The strength of this review is that a systematic methodology was adopted to identify relevant studies on the biomechanics of gait during pregnancy. However, the review has some limitations. Articles published in other languages than those mentioned above may have been excluded. The search was performed only in peer-reviewed published articles since 2000. There is a possibility of missing data published previously or other unpublished data, which were not included in the analysis. The small sample sizes and the different periods of data collection may have introduced some bias in the analysis performed. The lack of studies on this subject as well as the consistency of the outcome measures is a major limitation to perform a meta-analysis. Cautions should be taken when drawings conclusions about gait adaptations throughout pregnancy, due to the limitations mentioned above.

(44)

Conclusions

The evidence from this review suggests biomechanical adaptations of gait throughout pregnancy. Further research is required using common outcome measures and standard follow-up periods of data collection (weeks of gestation and postpartum period). Most of the results presented in this review are consistent between studies.
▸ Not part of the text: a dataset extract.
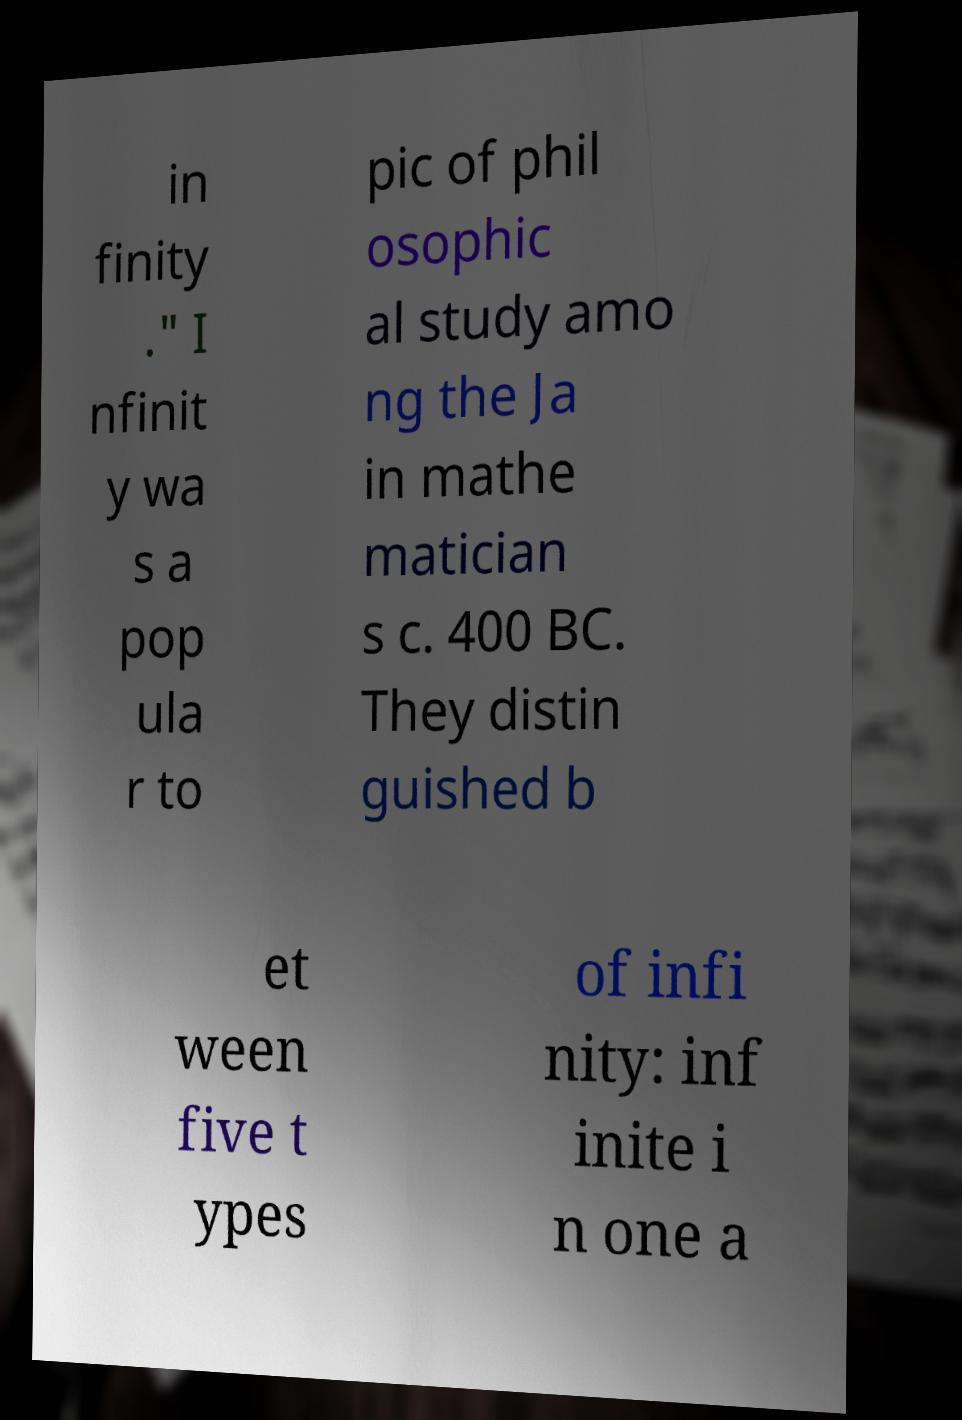Can you read and provide the text displayed in the image?This photo seems to have some interesting text. Can you extract and type it out for me? in finity ." I nfinit y wa s a pop ula r to pic of phil osophic al study amo ng the Ja in mathe matician s c. 400 BC. They distin guished b et ween five t ypes of infi nity: inf inite i n one a

However there is a great scarcity of studies addressing the gait biomechanics of pregnant women in a longitudinal perspective. There is a need to examine the kinematics of the woman closely while walking considering the beginning of pregnancy, in order to confirm the influence of morphological changes in the angular motion of the lower limb segments during the course of pregnancy.

Very few studies analysed the kinetics of gait of pregnant women. Nevertheless, these data are seen as essential to understand the magnitude and implications of changes in the welfare of women. In future research, there must be a special focus on the analysis of moments and joint powers to understand the changes in muscle participation, and if there are changes in the type of contraction during motor tasks.

It is not possible to understand the influence of morphological changes, if body composition and anthropometric variables are not quantified throughout pregnancy. Further research is required to understand to which extent these variables influence the biomechanical parameters.

No studies were found addressing the effects of physical activity, low back and pelvic pain or maternal weight control on the gait biomechanical adaptations of gait throughout pregnancy and postpartum.